=== TASK DIRECTIONS ===
Read the lines below, and copy any that contain the string "bounding".

[Source records]
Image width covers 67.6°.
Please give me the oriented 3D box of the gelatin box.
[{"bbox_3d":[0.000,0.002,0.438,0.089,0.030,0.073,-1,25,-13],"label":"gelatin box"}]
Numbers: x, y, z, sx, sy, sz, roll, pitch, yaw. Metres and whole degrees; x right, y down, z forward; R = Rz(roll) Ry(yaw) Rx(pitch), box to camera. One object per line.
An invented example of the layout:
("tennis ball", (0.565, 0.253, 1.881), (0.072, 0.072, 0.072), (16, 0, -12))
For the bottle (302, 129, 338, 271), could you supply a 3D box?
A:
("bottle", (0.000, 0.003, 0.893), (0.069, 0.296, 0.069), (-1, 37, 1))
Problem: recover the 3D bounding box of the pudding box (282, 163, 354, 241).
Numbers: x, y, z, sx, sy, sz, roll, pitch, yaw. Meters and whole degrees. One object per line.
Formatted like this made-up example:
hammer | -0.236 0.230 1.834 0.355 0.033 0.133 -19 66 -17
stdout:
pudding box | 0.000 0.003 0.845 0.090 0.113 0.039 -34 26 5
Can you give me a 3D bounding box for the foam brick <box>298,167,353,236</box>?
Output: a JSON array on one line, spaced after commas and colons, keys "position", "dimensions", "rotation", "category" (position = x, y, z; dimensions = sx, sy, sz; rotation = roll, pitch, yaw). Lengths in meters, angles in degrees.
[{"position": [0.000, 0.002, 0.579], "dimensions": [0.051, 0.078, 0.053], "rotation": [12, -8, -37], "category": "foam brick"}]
* * *
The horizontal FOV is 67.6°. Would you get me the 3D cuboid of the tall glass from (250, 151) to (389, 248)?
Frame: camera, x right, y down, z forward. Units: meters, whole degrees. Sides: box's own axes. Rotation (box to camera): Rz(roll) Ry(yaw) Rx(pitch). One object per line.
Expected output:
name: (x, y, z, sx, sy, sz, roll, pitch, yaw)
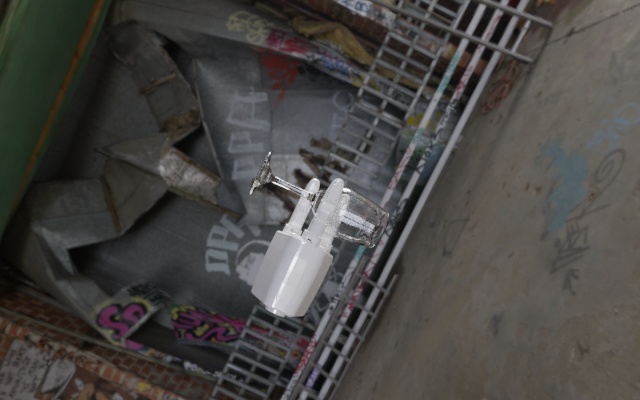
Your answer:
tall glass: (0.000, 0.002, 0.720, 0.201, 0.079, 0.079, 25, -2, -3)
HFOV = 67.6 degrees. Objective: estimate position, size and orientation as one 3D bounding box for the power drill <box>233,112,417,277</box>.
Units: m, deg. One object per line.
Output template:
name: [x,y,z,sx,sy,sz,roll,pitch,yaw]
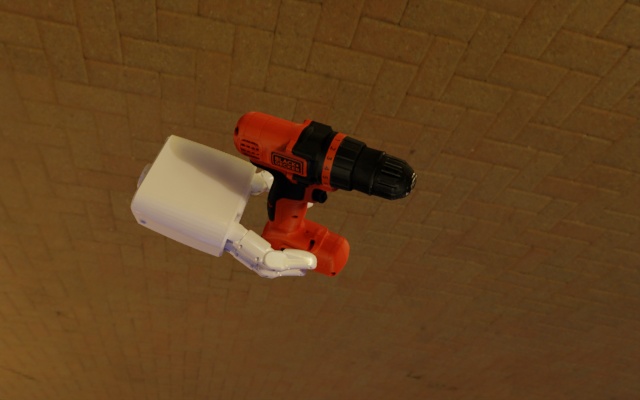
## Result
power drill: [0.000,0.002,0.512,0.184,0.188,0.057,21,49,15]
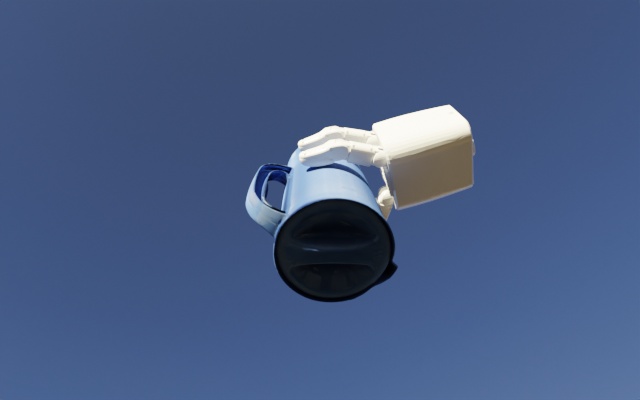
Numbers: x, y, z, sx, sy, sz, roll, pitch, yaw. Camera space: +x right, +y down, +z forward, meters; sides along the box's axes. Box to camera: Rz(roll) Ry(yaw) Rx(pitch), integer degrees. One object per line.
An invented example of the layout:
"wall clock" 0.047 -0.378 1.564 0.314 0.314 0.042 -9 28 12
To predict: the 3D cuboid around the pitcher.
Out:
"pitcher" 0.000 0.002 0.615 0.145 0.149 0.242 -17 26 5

=== RESPONSE ===
Problem: recover the 3D bounding box of the pudding box (282, 163, 354, 241).
Can you give me a 3D bounding box for the foam brick <box>298,167,353,236</box>?
HFOV = 67.6 degrees. Objective: estimate position, size and orientation as one 3D bounding box for the power drill <box>233,112,417,277</box>.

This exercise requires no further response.